Initialization Issues with Cholesky Factorization of Covariance Matrix

Hey y’all! I am trying to run a hierarchical Bernoulli logit model with a multivariate normal prior on the coefficients with priors on the mean and covariance of the multivariate normal. I am running into initialization issues (“Initialization failed” in pystan) when using the Cholesky factorization of the covariance matrix (yet I was not running into these issues when using the inverse wishart prior, but that has been extremely slow so far). Additionally, I am not entirely sure if the model is specified correctly as I am fairly new to stan. Any help would be greatly, greatly appreciated as I am working on my masters thesis and these computational issues are really getting in the way and stressing me out!! Cheers

data { 
    int<lower=1> D; //Number of individual predictors
    int<lower=0> N; //Number of data points
    int<lower=1> P; //Number of levels 
    int<lower=0, upper =1> y[N]; //Classification
    int<lower=0, upper = P> ll[N]; //levels of each data point
    row_vector[D] x[N]; //Matrix of individual predictors
    matrix[D,D] identity; //Identity matrix used as a prior
    vector[D] zeros; // Vector of zeros used as a prior
}
parameters { 
    vector[D] mu; //Mean vector of multivariate normal
    vector[D] beta[P]; //Coeficients for each of the various levels
    cholesky_factor_corr[D] L_Omega; //Cholesky correlation 
    vector<lower=0, upper=pi()/2>[D] tau_unif; //cholesky scale
    
}
transformed parameters { 
    vector<lower=0>[D] tau; //cholesky scale
    matrix[D,D] Sigma_beta; //Covariance matrix defined from cholesky
    for (d in 1:D) { 
        tau[d] = 2.5 * tan(tau_unif[d]);
    }
    Sigma_beta = diag_pre_multiply(tau, L_Omega); //Calculation of covariance from cholesky

    
}

model { 
    mu ~ multi_normal(zeros, identity); //Prior on multivariate normal
    L_Omega ~ lkj_corr_cholesky(3); 
    tau_unif ~ normal(0,1);
    
    for (p in 1:P){
        beta[p] ~ multi_normal(mu, Sigma_beta);
    }
    
    {
        vector[N] x_beta_ll;
        for (n in 1:N) { 
            x_beta_ll[n] = x[n] * beta[ll[n]];
        }
        y ~ bernoulli_logit(x_beta_ll);
    }
}

Thank you so much in advance!

I think there are two main issues here. The first is that you don’t need to construct the standard deviations on the cholesky scale, you can just estimate them directly and use them to construct the covariance matrix.
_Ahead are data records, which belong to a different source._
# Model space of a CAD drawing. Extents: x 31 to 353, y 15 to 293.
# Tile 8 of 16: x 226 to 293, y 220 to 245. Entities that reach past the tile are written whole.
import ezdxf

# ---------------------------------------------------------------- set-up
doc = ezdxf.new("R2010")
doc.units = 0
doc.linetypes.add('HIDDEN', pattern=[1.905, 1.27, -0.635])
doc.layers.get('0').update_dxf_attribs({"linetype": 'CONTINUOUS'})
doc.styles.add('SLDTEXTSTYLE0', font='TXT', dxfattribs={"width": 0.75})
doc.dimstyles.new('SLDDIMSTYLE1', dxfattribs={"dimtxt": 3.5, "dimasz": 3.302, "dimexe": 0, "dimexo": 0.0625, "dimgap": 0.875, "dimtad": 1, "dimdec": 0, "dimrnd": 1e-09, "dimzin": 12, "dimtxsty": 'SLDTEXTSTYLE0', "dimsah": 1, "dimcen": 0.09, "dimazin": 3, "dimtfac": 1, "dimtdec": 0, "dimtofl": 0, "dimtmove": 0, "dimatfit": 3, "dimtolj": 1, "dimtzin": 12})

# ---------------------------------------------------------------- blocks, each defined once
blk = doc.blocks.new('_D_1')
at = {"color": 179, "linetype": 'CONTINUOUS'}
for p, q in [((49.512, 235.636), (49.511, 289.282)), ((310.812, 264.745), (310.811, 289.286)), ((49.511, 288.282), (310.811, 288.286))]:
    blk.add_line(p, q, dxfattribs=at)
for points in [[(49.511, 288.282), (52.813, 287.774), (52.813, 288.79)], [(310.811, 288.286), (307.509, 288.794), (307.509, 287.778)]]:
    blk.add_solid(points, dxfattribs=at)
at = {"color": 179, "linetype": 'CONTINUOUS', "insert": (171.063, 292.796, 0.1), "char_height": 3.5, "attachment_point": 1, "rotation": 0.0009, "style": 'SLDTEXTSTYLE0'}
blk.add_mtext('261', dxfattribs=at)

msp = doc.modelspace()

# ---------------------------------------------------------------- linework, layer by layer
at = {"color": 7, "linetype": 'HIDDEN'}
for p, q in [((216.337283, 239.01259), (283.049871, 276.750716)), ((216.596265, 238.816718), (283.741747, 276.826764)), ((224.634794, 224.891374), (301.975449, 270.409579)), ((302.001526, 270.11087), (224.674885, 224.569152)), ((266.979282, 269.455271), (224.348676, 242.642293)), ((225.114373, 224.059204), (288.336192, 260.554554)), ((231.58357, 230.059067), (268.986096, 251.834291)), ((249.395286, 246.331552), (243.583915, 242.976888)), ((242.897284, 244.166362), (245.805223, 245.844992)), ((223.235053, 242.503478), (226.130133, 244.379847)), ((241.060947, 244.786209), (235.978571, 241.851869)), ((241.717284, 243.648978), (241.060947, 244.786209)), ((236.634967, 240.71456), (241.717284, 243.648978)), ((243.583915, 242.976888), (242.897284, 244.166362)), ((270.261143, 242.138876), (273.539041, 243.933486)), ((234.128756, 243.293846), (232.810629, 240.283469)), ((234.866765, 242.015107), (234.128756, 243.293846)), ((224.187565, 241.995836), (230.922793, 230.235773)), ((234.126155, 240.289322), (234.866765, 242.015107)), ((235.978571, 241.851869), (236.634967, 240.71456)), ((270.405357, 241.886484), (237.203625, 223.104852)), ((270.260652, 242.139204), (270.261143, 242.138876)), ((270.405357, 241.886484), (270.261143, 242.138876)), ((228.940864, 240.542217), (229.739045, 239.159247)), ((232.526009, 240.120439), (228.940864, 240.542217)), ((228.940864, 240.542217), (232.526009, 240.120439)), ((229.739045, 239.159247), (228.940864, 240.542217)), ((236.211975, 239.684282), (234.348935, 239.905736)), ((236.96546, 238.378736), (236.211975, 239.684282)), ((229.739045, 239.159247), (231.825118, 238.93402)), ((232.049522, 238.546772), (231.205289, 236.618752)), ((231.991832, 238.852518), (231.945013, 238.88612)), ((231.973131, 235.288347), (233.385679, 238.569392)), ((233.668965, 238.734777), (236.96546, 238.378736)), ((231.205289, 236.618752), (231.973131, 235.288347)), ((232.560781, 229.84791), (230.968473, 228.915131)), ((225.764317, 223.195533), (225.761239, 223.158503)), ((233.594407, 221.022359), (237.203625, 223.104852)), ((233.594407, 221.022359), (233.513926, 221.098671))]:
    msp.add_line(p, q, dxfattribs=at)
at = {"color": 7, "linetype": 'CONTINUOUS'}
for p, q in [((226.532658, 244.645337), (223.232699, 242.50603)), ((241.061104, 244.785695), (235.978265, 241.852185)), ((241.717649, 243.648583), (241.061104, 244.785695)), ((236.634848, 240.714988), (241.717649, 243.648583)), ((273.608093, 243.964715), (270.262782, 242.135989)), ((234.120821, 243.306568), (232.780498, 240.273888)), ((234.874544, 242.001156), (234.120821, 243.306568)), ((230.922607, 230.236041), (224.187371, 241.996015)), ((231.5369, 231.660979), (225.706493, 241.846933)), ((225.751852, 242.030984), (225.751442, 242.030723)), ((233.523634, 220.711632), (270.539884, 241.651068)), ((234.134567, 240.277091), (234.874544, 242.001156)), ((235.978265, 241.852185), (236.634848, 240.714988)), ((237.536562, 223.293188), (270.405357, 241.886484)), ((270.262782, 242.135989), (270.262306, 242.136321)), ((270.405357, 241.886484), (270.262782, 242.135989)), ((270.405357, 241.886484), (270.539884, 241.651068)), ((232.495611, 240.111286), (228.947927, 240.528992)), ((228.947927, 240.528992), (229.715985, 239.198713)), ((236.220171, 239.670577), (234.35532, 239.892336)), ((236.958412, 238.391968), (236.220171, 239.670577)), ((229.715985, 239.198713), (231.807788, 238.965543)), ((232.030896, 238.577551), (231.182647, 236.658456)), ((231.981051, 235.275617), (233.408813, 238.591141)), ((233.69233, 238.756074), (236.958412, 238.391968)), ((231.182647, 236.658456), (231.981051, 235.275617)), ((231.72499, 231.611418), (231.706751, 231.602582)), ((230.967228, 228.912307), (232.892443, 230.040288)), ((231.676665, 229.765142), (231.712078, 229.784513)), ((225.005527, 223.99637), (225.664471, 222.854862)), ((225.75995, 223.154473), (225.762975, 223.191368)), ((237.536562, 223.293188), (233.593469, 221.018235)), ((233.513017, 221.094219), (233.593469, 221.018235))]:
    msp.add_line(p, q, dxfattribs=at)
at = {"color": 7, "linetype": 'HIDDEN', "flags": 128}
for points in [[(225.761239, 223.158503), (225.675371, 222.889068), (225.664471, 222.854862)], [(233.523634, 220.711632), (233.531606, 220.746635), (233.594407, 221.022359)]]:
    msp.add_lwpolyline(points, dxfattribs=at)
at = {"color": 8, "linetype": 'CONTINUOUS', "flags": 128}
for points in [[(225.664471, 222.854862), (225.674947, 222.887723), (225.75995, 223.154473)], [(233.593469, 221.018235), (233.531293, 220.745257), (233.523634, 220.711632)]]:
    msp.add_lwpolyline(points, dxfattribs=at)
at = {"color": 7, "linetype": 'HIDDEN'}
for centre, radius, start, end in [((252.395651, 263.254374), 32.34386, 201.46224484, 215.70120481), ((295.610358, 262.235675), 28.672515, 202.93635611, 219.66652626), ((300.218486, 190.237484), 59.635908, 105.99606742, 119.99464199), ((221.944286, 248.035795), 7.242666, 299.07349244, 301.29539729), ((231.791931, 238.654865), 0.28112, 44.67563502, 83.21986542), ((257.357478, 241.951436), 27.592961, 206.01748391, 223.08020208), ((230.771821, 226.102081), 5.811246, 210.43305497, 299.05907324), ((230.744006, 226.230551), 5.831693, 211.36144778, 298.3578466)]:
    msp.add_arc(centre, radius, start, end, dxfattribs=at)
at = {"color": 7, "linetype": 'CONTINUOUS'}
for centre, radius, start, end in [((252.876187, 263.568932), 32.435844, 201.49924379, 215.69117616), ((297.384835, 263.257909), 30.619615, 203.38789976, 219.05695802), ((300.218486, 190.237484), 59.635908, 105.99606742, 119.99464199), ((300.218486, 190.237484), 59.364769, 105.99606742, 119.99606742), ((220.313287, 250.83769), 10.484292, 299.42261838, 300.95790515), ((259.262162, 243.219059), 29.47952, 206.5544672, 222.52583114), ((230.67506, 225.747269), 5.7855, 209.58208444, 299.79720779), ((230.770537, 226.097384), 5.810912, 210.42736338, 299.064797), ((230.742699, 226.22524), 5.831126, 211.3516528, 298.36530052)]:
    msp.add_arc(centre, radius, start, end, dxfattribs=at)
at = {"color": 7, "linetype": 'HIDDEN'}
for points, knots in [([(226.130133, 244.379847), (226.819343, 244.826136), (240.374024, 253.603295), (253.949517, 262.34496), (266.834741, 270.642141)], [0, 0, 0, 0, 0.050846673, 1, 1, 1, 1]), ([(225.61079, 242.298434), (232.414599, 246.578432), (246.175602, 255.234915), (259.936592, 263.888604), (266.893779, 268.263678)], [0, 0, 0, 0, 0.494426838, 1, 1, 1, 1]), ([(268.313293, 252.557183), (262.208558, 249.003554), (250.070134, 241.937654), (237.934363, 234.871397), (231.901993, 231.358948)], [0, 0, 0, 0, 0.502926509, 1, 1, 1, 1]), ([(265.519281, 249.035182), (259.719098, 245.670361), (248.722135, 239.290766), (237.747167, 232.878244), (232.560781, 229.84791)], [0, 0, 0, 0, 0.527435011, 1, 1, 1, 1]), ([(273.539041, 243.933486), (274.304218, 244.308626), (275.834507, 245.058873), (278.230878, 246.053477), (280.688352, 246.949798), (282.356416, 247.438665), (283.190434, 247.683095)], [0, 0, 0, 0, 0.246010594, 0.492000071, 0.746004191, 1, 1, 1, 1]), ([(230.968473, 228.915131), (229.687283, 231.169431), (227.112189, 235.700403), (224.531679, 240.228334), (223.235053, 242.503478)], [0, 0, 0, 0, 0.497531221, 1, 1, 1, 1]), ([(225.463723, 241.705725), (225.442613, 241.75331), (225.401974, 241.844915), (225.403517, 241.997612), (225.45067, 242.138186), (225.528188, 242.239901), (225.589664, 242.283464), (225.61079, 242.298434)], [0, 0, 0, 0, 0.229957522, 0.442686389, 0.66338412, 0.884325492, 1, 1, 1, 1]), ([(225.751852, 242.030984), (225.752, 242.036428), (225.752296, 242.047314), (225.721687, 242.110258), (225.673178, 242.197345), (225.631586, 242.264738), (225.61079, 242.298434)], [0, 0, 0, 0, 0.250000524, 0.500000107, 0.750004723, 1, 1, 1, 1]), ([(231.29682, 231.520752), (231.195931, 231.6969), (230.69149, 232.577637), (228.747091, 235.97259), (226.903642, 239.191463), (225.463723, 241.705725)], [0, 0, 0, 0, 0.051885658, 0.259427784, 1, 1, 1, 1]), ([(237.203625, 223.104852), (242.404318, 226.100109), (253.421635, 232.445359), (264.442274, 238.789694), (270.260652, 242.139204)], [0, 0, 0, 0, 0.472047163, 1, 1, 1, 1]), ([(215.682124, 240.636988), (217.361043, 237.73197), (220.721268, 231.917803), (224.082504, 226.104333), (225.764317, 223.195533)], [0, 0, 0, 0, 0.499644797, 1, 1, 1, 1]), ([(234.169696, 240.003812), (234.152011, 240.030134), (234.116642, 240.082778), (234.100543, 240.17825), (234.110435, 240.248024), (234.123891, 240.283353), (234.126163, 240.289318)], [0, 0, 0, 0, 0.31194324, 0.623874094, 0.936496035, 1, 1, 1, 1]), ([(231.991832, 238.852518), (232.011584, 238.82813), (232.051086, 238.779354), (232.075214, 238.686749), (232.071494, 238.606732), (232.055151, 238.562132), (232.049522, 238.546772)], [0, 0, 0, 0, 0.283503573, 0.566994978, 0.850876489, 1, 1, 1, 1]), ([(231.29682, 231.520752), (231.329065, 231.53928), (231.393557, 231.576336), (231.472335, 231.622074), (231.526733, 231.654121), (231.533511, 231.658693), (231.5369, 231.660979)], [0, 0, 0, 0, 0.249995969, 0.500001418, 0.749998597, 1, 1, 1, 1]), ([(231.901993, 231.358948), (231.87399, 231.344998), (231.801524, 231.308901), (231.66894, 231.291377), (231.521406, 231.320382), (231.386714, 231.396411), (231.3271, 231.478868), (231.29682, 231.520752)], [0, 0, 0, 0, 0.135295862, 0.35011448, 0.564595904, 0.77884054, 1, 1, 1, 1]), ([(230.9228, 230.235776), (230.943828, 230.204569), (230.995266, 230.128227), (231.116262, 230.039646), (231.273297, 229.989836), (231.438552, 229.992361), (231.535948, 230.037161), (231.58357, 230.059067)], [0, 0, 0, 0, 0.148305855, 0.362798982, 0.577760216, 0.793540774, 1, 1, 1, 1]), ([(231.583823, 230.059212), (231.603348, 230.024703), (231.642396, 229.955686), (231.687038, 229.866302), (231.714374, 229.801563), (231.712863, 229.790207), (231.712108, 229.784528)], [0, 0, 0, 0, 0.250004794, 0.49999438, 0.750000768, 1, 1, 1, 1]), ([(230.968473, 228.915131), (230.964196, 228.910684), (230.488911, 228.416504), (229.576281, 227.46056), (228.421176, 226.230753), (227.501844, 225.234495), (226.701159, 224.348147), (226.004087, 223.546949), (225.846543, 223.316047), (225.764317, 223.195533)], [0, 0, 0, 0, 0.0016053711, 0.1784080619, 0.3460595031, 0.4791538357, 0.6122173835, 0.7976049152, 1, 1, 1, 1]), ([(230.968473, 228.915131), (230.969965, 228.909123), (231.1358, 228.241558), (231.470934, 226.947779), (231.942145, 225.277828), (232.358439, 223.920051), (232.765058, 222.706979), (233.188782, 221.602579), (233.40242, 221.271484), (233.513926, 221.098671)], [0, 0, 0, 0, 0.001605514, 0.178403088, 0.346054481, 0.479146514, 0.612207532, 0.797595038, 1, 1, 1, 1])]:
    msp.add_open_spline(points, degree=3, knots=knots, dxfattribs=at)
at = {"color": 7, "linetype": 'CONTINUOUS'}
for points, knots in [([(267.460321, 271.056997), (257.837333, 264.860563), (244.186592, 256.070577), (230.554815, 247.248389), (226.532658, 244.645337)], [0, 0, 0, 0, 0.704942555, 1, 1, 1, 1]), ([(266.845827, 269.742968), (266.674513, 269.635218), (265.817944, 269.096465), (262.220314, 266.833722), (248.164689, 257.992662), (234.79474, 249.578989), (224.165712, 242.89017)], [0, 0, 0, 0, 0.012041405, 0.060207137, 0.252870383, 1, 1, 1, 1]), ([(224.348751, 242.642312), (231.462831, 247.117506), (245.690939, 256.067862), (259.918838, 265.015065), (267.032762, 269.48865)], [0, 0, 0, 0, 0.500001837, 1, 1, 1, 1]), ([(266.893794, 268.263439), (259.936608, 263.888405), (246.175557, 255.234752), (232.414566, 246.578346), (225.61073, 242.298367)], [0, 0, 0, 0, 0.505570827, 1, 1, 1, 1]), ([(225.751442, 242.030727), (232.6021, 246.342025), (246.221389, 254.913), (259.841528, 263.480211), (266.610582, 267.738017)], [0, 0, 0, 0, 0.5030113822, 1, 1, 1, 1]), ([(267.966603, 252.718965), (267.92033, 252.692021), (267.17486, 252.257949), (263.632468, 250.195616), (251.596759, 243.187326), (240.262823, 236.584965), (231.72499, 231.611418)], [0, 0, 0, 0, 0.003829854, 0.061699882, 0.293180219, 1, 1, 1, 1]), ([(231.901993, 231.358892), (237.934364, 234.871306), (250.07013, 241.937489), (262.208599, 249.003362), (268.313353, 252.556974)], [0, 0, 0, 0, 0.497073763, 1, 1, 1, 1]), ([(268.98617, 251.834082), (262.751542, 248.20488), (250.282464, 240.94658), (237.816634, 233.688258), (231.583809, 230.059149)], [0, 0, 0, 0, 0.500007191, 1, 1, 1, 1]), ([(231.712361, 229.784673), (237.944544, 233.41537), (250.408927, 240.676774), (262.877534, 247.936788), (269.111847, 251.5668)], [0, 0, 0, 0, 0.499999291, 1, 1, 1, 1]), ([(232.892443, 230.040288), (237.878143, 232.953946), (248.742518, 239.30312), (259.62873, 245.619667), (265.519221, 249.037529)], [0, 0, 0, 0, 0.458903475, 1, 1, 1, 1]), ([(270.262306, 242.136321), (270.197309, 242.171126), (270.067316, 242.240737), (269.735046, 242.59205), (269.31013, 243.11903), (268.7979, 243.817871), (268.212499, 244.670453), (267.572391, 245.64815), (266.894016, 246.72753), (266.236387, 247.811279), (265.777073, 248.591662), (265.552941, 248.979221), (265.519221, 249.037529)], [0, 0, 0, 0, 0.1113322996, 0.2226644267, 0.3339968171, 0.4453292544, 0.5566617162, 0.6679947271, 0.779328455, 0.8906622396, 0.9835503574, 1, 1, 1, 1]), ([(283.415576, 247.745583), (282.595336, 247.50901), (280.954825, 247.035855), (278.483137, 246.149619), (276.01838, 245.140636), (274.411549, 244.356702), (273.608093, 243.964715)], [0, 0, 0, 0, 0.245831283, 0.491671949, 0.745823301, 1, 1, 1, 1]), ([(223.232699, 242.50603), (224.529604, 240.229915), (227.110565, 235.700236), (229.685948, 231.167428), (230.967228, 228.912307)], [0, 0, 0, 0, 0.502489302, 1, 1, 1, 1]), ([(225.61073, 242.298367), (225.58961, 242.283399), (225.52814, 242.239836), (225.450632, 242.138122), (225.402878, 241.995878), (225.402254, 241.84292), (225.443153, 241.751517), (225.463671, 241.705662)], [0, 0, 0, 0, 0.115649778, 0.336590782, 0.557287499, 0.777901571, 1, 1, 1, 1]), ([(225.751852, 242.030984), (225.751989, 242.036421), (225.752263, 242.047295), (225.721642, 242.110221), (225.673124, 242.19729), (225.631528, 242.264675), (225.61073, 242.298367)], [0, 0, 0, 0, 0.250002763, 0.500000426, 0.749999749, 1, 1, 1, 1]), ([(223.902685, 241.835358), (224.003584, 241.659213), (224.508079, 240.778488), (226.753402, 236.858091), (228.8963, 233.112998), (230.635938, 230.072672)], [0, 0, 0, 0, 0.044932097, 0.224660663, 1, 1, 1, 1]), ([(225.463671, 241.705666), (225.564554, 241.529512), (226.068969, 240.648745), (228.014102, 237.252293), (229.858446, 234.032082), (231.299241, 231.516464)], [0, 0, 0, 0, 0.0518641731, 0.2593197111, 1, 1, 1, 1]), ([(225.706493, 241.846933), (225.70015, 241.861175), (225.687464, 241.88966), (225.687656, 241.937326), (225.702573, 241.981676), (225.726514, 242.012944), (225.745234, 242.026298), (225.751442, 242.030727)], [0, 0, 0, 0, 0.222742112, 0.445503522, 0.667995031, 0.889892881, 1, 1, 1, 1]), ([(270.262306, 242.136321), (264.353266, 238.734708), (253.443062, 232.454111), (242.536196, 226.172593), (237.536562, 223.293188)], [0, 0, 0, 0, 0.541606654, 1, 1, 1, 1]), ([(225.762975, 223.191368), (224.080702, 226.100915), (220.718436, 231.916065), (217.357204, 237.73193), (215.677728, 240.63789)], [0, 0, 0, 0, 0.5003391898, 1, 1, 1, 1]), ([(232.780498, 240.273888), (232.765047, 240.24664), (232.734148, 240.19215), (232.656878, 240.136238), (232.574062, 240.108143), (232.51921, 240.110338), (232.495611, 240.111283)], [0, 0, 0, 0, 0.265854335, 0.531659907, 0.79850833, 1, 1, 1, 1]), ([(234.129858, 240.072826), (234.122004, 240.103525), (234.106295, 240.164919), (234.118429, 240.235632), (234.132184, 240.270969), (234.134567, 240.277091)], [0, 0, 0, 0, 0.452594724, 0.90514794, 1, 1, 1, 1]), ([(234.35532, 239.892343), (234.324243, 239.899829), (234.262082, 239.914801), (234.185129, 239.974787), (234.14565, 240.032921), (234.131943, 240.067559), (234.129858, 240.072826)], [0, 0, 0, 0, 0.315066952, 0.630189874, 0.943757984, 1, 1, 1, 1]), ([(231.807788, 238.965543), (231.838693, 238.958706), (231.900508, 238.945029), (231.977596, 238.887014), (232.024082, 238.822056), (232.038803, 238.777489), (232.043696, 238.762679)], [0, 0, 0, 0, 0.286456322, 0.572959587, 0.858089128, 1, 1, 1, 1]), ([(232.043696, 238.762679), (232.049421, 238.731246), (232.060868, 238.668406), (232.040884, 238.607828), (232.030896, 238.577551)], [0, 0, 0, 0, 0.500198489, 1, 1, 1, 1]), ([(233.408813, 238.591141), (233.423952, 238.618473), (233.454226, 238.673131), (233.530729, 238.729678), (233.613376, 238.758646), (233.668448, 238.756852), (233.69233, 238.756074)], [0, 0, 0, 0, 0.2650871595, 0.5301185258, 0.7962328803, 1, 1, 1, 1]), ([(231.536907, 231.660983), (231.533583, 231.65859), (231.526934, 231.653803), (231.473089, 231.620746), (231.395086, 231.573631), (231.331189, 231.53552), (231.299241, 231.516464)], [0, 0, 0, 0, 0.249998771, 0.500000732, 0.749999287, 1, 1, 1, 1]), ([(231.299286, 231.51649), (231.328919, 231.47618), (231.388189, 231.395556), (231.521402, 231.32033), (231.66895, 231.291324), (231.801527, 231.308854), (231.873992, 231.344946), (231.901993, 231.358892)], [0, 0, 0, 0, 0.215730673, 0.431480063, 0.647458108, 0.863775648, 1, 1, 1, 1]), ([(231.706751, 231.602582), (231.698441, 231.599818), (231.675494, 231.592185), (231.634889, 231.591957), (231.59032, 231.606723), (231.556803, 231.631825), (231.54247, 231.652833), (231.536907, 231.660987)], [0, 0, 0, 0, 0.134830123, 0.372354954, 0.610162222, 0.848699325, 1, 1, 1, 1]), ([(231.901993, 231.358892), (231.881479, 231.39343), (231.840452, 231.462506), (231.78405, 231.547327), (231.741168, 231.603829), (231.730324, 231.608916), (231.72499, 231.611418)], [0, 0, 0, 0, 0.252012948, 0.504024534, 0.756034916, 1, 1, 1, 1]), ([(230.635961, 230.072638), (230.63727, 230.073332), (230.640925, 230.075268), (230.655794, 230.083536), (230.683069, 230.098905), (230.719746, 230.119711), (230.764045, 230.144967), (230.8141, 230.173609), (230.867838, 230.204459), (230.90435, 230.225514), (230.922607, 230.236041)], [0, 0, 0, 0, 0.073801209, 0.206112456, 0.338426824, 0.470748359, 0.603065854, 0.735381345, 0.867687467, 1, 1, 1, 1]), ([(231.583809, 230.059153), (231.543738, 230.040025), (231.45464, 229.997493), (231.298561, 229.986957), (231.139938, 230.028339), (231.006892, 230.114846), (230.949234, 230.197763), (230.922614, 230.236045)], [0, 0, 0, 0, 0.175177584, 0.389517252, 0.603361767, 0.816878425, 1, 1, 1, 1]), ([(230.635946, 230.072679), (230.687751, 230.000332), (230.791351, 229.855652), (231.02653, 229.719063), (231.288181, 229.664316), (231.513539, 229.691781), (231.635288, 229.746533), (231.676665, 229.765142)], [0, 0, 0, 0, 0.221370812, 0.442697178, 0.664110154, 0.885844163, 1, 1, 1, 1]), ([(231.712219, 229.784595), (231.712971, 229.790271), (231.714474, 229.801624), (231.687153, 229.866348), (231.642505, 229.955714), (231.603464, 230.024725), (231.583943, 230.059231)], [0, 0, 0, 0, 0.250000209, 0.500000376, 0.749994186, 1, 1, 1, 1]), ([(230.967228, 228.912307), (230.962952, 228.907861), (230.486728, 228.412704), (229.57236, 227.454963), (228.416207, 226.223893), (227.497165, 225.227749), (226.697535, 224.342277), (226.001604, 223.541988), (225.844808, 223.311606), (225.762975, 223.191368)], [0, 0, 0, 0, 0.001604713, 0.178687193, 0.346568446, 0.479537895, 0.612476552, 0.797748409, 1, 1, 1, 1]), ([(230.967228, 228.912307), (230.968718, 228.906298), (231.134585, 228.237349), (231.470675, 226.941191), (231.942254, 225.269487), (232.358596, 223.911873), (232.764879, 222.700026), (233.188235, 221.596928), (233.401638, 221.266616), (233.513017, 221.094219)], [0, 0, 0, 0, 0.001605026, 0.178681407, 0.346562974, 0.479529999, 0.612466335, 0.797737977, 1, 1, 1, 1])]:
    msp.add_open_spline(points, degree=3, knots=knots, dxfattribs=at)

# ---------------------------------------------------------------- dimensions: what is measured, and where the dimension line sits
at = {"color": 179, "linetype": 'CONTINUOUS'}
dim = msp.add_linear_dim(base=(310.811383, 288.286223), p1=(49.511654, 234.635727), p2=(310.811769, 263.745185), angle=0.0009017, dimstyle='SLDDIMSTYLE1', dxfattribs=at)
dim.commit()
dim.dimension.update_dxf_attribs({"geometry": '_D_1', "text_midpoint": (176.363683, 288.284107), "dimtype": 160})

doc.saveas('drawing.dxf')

The second is that you’re passing a cholesky factor to a distribution that expects a full covariance matrix (since diag_pre_multiply(tau, L_Omega) returns a cholesky factor). If you change the prior for beta[p] to multi_normal_cholesky, that should help.

There are also some other optimisations that you can look at here, which will speed things up a bit for you.

First, the multivariate prior for mu is actually fairly inefficient, and would perform better with a univariate prior, thanks to Stan’s vectorisation, this can be equivalently specified as:

mu ~ std_normal();

Similarly, the loop isn’t needed in the prior for beta and can be specified as:

beta ~ multi_normal_cholesky(mu, Sigma_beta);

If you find issues (performance or quality) in the sampling for beta, you could also try a non-centered reparameterisation (see this section of the manual for more info)

Hope some of that helps!

Cheers,
Andrew